Developed more than 400 full-service schools and 200 school health projects so students aren't sidetracked by health or family troubles.

Initiated a Safe Schools program.

Appointed more than 50,000 parents, teachers and administrators to school advisory councils.

Rewarded educational institutions that train students and direct them toward higher-wage jobs through the Jobs and Education Partnership.

What is your view on water conservation in Florida?

_ Mary Ottinger, 10, St. Pete Beach

BUSH: Conservation is critical to maintaining an adequate water supply in terms of both quantity and quality. I believe state and local government, in cooperation with individuals and businesses, should do everything possible to encourage conservation, including broadening education efforts and financial incentives such as cost differential for water use during peak and off-peak hours.

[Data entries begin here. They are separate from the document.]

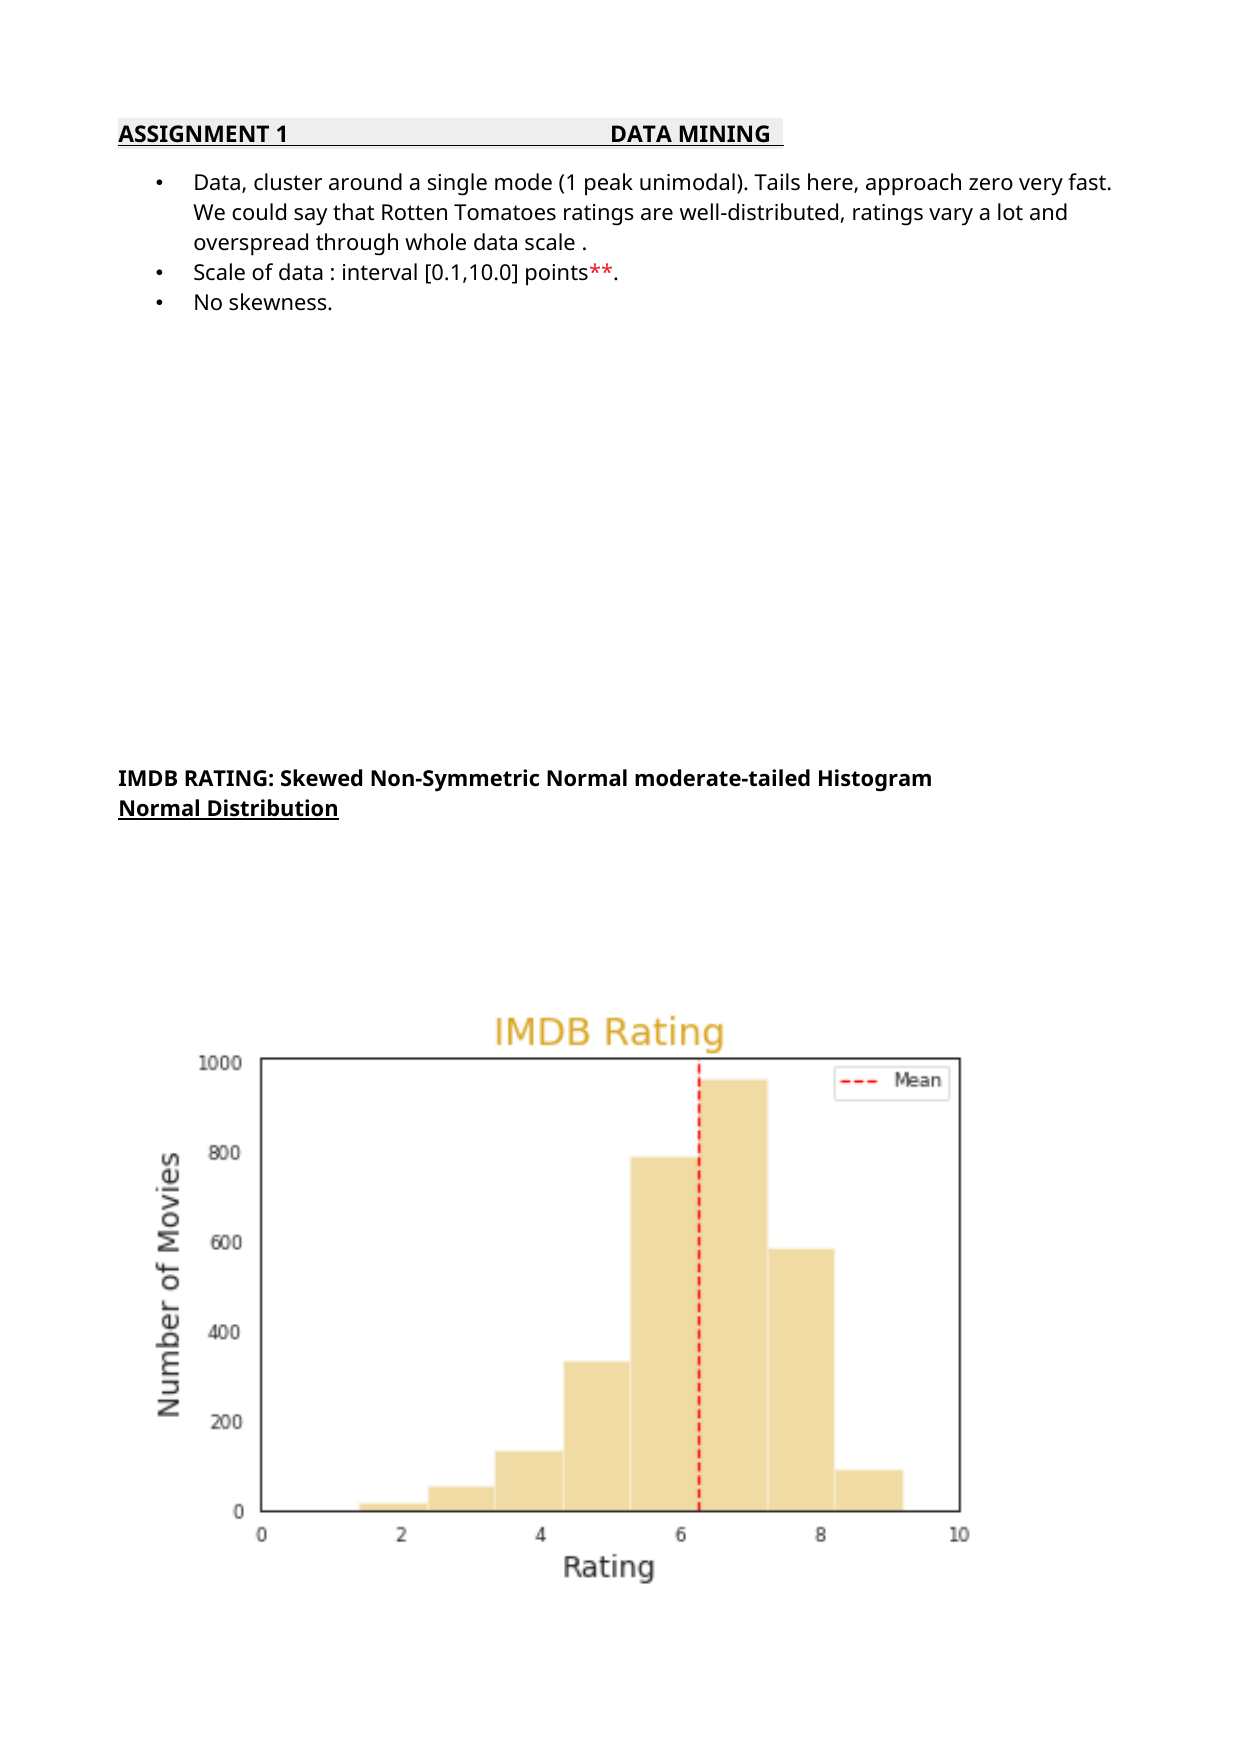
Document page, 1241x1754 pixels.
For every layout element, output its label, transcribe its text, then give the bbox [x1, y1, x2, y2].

picture [148, 985, 1049, 1586]
list Data, cluster around a single mode (1 peak unimodal). Tails here, approach zero very fast. We could say that Rotten Tomatoes ratings are well-distributed, ratings vary a lot and overspread through whole data scale . [156, 167, 1122, 257]
text IMDB RATING: Skewed Non-Symmetric Normal moderate-tailed Histogram [118, 763, 1122, 793]
list Scale of data : interval [0.1,10.0] points**. [156, 257, 1122, 287]
list No skewness. [156, 287, 1122, 316]
text Normal Distribution [118, 793, 1122, 823]

CHILES: Water conservation is critical for Florida's future. We have regional water management districts which monitor and make recommendations to clean up and preserve Florida's water supply. We've made a commitment to long-term preservation of Florida's environment and we've done it in several ways: We pushed for the Everglades Forever Act which stopped a federal lawsuit, clearing the way for effective clean-up to begin; we've supported a 100-mile buffer zone for offshore oil drilling to protect Florida's coastline, and we've protected sensitive lands by purchasing more than 180,000 acres through two programs called Preservation 2000 and Conservation and Recreational Lands (CARL). We buy environmentally sensitive lands from willing sellers and preserve them for everyone to enjoy for generations to come.

I would like to know if you really feel what you say you will do is true, or if you are only saying it to get elected. Will you really try to accomplish your promised goals?

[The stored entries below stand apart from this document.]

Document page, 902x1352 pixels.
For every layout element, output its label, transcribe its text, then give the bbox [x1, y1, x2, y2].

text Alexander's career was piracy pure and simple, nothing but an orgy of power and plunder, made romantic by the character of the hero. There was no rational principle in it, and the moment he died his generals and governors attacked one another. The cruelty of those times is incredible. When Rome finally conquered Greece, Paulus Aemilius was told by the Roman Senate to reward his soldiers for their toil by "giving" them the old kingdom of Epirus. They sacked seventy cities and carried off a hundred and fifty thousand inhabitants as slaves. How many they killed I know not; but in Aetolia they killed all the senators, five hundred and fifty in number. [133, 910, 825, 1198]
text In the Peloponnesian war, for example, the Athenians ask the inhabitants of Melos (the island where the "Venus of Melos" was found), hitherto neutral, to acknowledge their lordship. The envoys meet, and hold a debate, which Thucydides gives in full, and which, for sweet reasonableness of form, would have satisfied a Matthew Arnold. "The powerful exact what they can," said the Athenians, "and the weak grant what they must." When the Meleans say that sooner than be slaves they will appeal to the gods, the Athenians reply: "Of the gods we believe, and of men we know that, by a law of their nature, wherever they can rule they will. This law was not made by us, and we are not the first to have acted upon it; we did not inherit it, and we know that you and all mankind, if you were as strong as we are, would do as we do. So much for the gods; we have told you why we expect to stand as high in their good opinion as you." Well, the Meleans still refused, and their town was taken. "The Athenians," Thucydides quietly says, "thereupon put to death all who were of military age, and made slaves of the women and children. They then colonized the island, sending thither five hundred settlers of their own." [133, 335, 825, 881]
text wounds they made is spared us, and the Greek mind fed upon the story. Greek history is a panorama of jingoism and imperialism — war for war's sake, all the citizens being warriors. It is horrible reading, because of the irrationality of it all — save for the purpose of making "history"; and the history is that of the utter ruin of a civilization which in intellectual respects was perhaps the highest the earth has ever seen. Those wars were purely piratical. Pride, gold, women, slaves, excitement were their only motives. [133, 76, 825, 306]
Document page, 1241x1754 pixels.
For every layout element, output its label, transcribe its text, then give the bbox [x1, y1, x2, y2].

_ Michael Goldstein, 17, Holiday

BUSH: I've made only one promise as a candidate for governor, and that is I won't abandon my principles. I'll fight for what I believe in. I won't blink. For a year and a half I've campaigned on the issues that are important to me, and many Floridians _ making public safety a priority, improving our very mediocre education system, and assigning responsibility to the right of public assistance, and limiting government's power to tax and spend. Not everyone agrees with me on these issues, but I'm willing to take a stance, and not necessarily do only what's popular or politically correct. Public service is too demanding on me personally and too tough on my family to be doing it just for an ego trip.

CHILES: Yes, I stand firmly behind my words and promises. I was born and raised in Florida _ and have dedicated my life to serving the people and working in the best interests of all Floridians. The lieutenant governor and I have made great strides in making real change in state government, and we believe that we can positively affect the lives of every Floridian and will continue to do our best if we're re-elected in November.